An additional analysis of CD4 and CD8 T cell responses to vector proteins in 31 human recipients of the VRC vaccine is consistent with the protein synthesis data. At four weeks after immunization, statistically significant increases in CD4 and CD8 T cell responses to the HIV Env antigen encoded by the vector were detectable At the same time point, only CD8 T cell responses to the Ad5 hexon protein showed a significant increase in magnitude. CD4 T cell responses to the hexon protein increased slightly overall, but the change did not reach statistical significance. There were no significant changes in either CD4 or CD8 T cell responses to the adenovirus E2A protein. Echoing several other recent studies, no correlation was found between baseline adenovirus-specific CD4 T cell responses and anti-Ad5 neutralizing antibody titers.

In sum, if the enhancement of susceptibility to HIV infection documented in a subset of STEP participants was somehow related to Ad5 protein expression by the Merck vector, these data might suggest that the VRC Ad5 vaccine would not be similarly affected.
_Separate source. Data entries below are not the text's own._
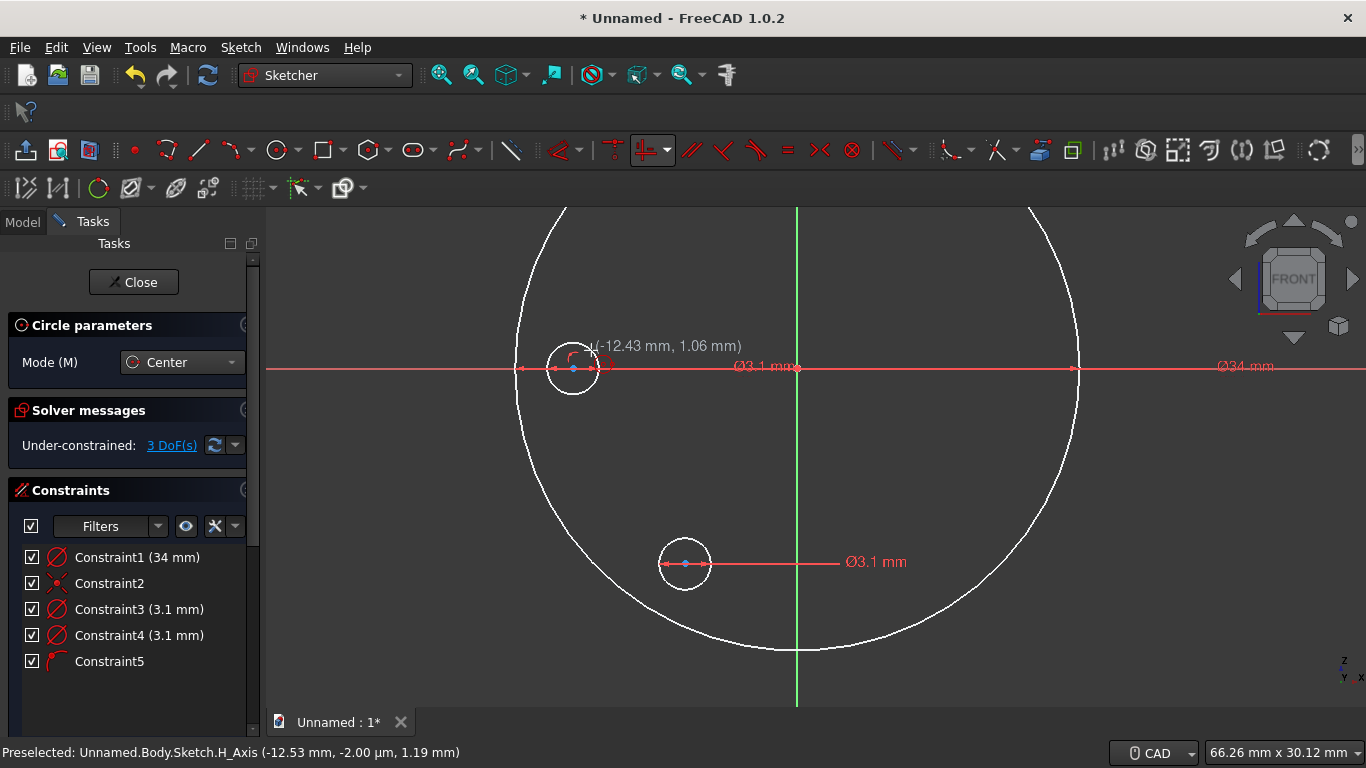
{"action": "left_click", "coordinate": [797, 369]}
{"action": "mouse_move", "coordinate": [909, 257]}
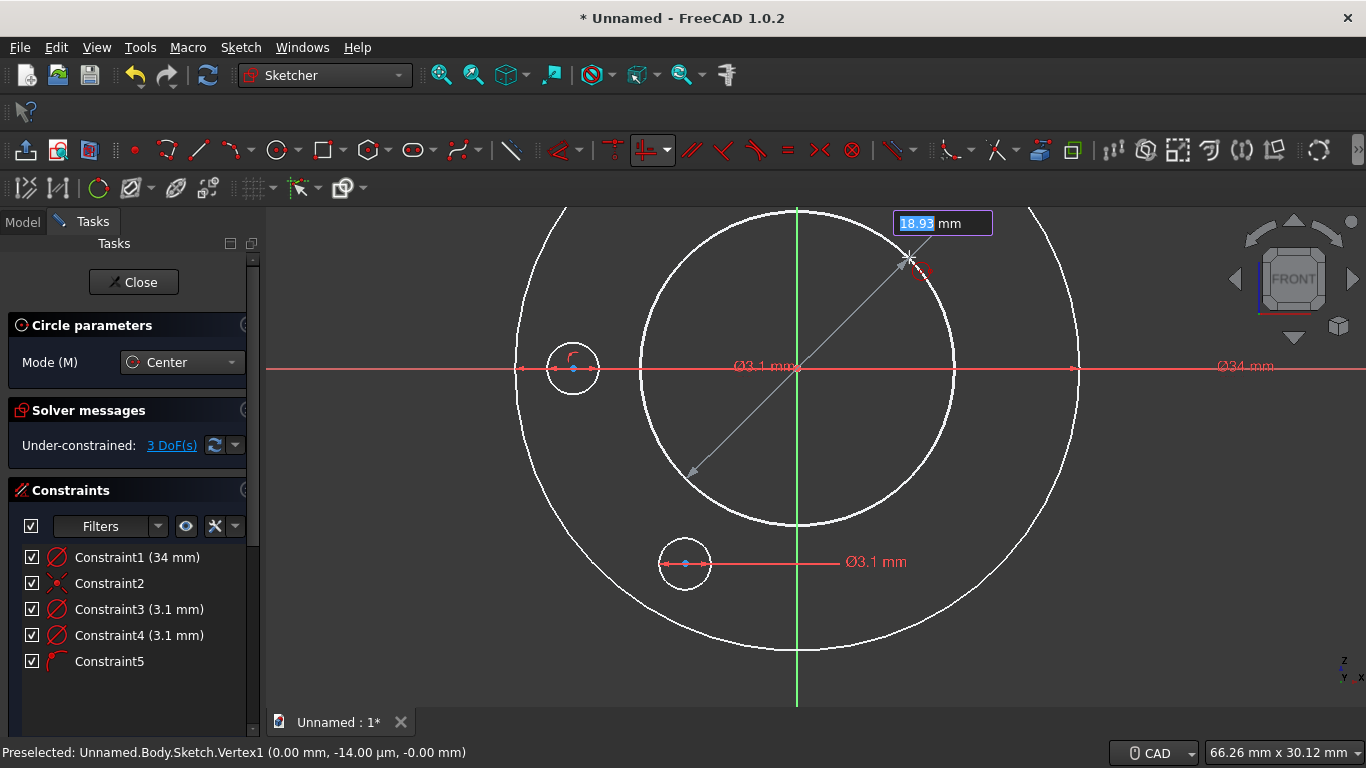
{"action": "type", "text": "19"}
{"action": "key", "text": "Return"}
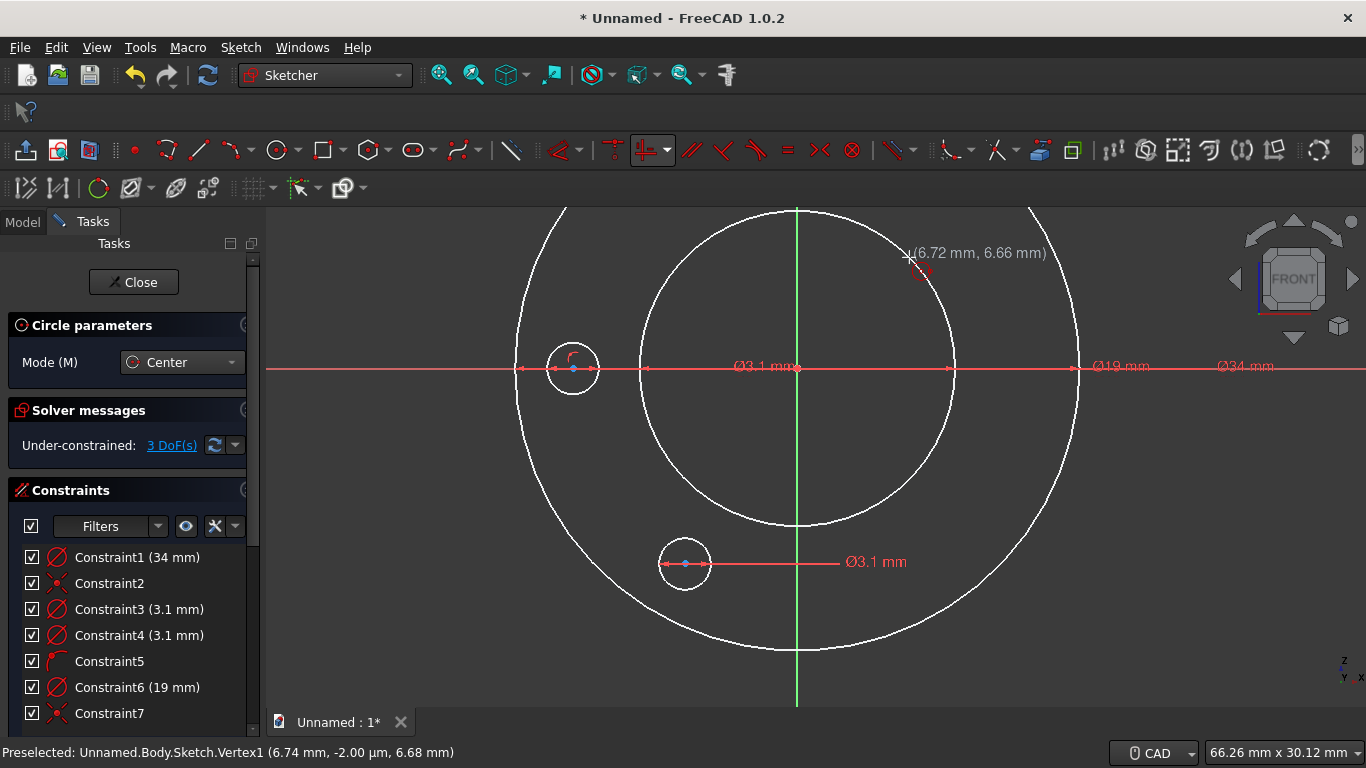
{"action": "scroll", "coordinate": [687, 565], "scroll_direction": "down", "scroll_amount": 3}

However, unless some clear correlate of the enhanced susceptibility in STEP emerges – which at this point seems unlikely – then it is hard to imagine a scenario in which the FDA would approve another test of an Ad5 vaccine among the population that was most at risk for enhancement in STEP (uncircumcised men, particularly those with pre-existing neutralizing antibodies to Ad5).
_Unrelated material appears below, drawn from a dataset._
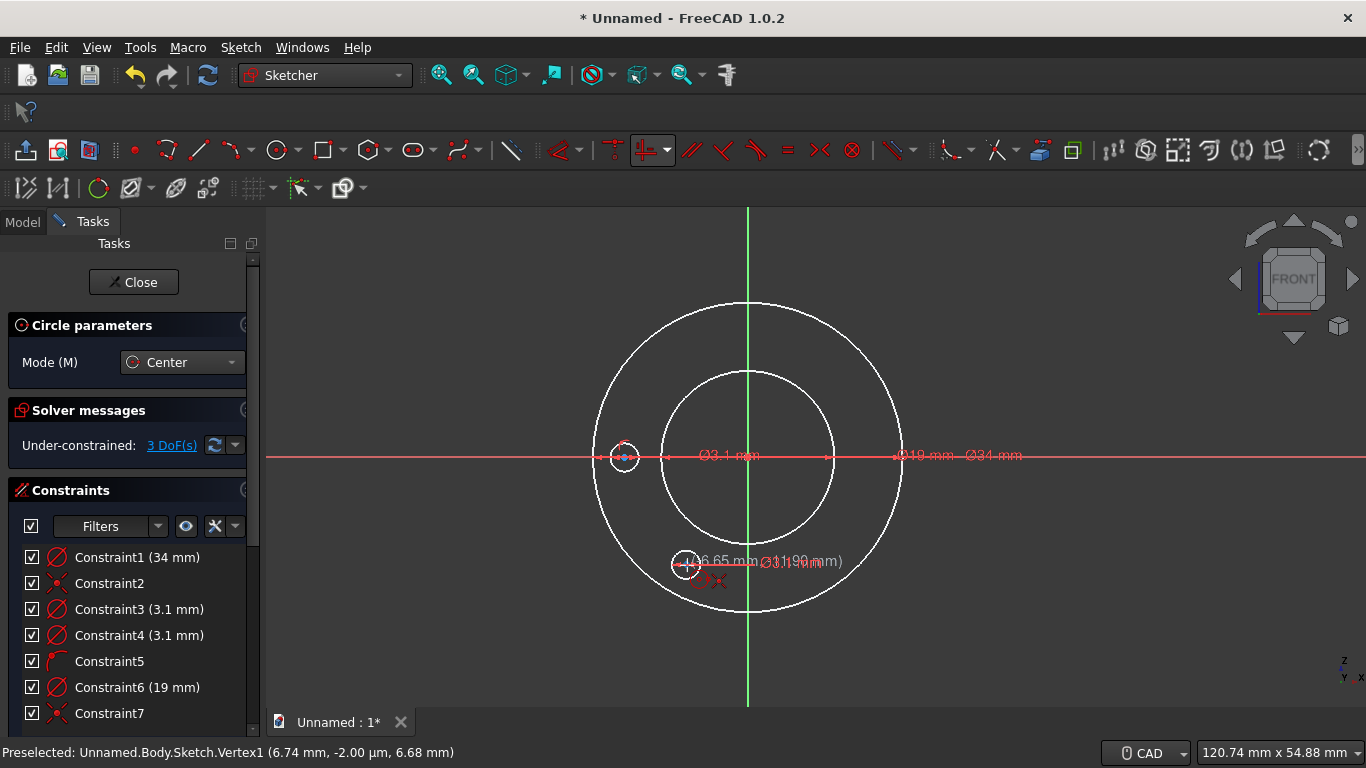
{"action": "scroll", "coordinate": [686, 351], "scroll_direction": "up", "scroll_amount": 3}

J. Virol. doi:10.1128/JVI.00384-09

Multiply-deleted replication-defective adenovirus vectors do not induce measurable vector-specific T cells in human trials

Richard A. Koup, Laurie Lamoreaux, David Zarkowsky, Robert T. Bailer, C. Richter King, Jason G. D. Gall, Douglas E. Brough, Barney S. Graham, and Mario Roederer

Immunology Laboratory, Immunology Core Section, Clinical Trials Core, and ImmunoTechnology Section, Vaccine Research Center, National Institute of Allergy and Infectious Diseases, National Institutes of Health, Bethesda, MD, USA; GenVec Inc. Gaithersburg, MD, USA

The magnitude and character of adenovirus type 5 (Ad5) -specific T cells was determined in volunteers with and without pre-existing neutralizing antibodies (NA) to Ad5 who received rAd5-based HIV vaccines. There was no correlation between T cell responses and NA to Ad5. There was no increase in magnitude or activation state of Ad5-specific CD4+ T cells at time points where antibodies to Ad5 and T cell responses to the recombinant gene products could be measured. These data indicate that rAd5-based vaccines containing deletions in the E1, E3 and E4 region do not induce appreciable expansion of vector-specific CD4+ T cells.